■ STORED DATA:
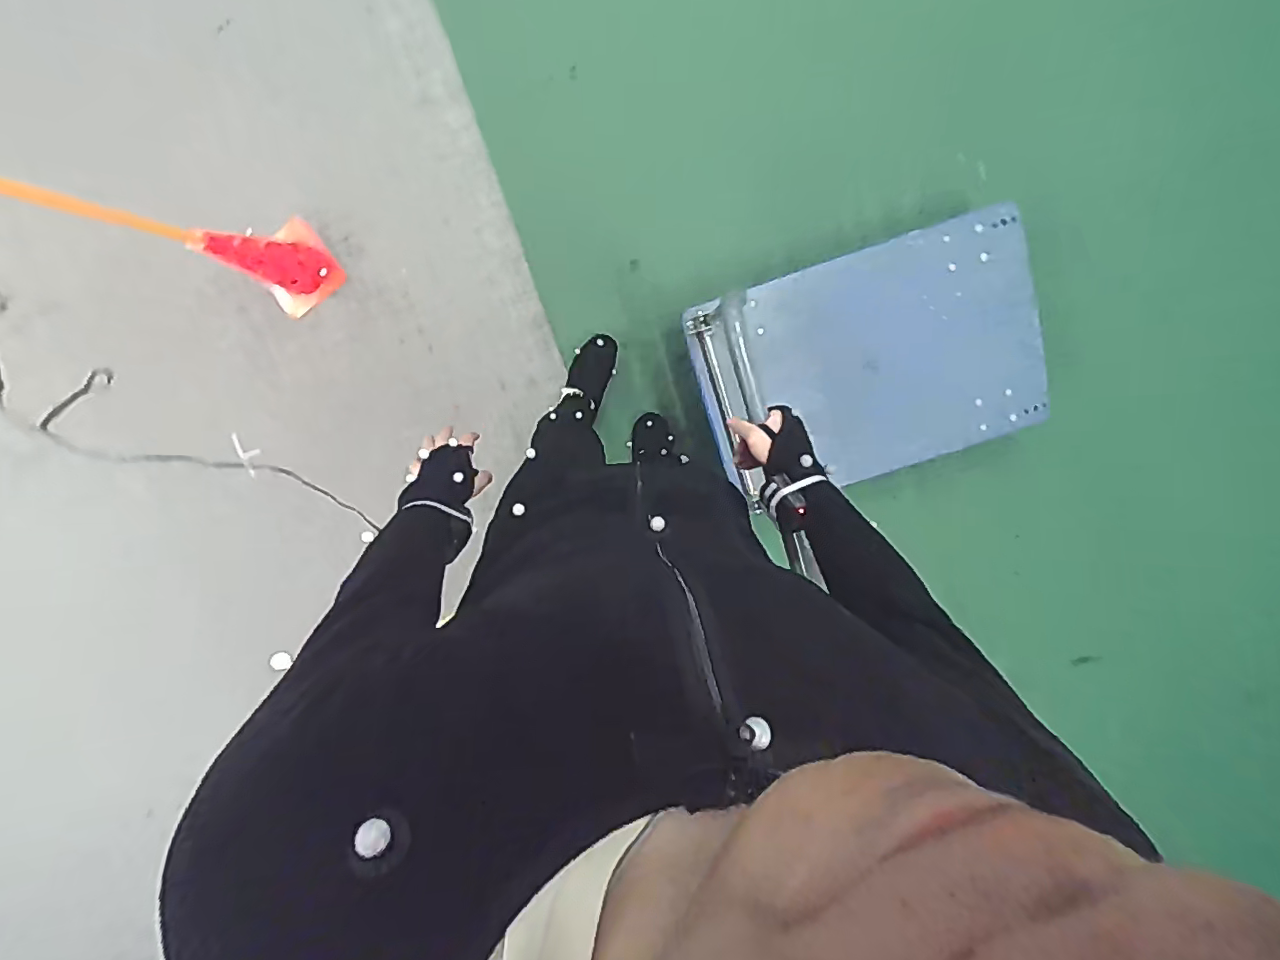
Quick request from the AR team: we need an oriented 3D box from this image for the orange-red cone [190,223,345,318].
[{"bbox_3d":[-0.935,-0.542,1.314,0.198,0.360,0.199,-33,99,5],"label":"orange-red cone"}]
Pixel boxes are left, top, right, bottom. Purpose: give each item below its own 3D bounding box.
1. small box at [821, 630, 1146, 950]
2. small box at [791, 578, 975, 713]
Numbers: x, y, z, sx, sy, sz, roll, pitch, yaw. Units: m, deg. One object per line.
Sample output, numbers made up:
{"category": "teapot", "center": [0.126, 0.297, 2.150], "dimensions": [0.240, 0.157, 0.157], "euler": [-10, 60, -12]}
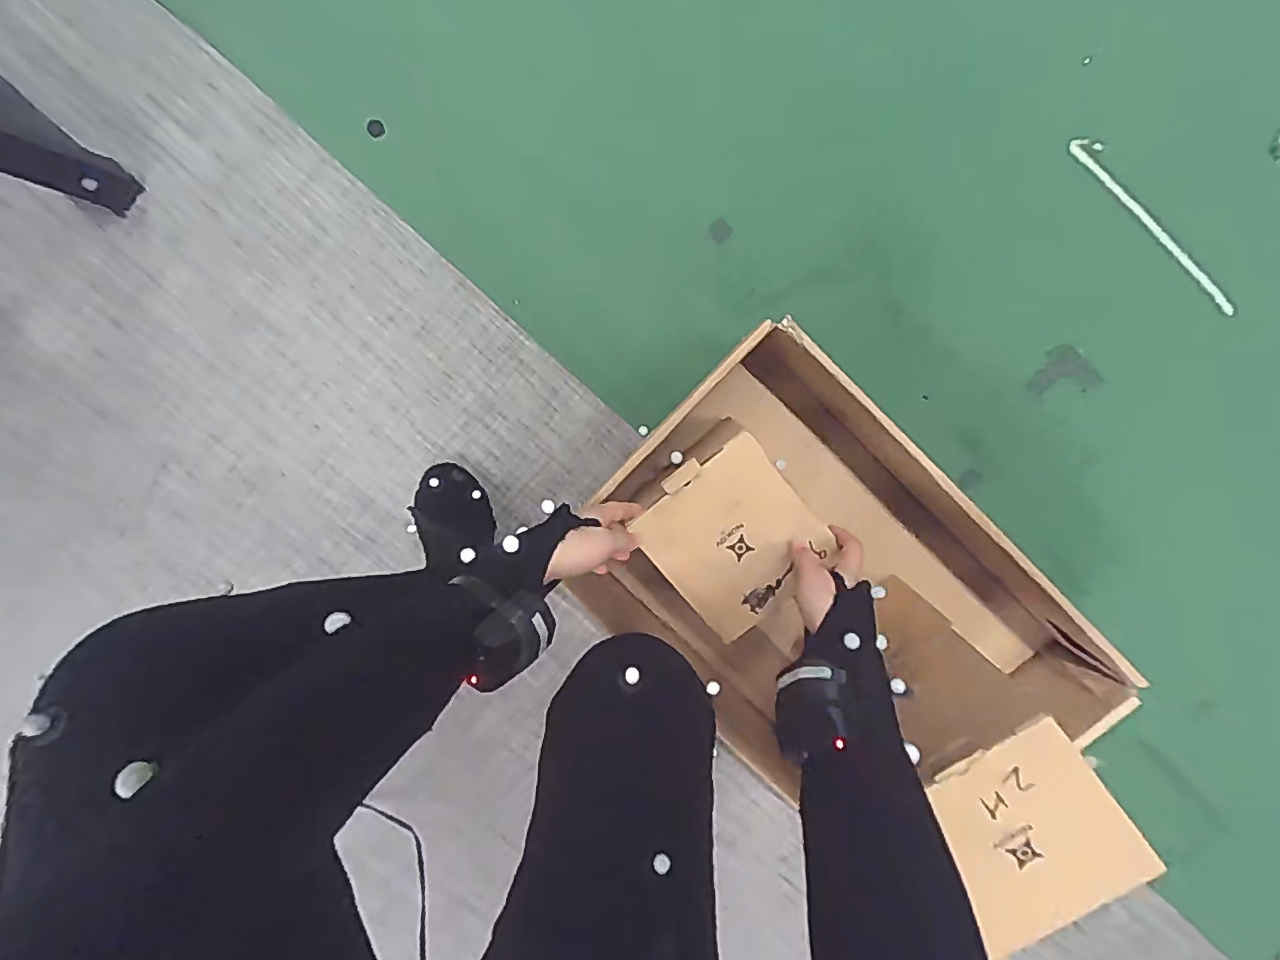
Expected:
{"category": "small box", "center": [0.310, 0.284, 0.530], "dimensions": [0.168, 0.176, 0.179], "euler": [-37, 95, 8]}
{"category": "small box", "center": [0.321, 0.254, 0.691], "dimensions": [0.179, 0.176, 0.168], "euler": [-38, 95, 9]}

■ DESCRIPTION OF THE TASK: Exclude the pictures, and transcribe all of the material exactly.

■ SOLUTION TO THIS EXERCISE:
Quick request from the AR team: we need an oriented 3D box from this image for the orange-red cone [190,223,345,318].
[{"bbox_3d":[-0.935,-0.542,1.314,0.198,0.360,0.199,-33,99,5],"label":"orange-red cone"}]
Pixel boxes are left, top, right, bottom. Purpose: give each item below its own 3D bounding box.
1. small box at [821, 630, 1146, 950]
2. small box at [791, 578, 975, 713]
Numbers: x, y, z, sx, sy, sz, roll, pitch, yaw. Units: m, deg. One object per line.
Sample output, numbers made up:
{"category": "teapot", "center": [0.126, 0.297, 2.150], "dimensions": [0.240, 0.157, 0.157], "euler": [-10, 60, -12]}
Expected:
{"category": "small box", "center": [0.310, 0.284, 0.530], "dimensions": [0.168, 0.176, 0.179], "euler": [-37, 95, 8]}
{"category": "small box", "center": [0.321, 0.254, 0.691], "dimensions": [0.179, 0.176, 0.168], "euler": [-38, 95, 9]}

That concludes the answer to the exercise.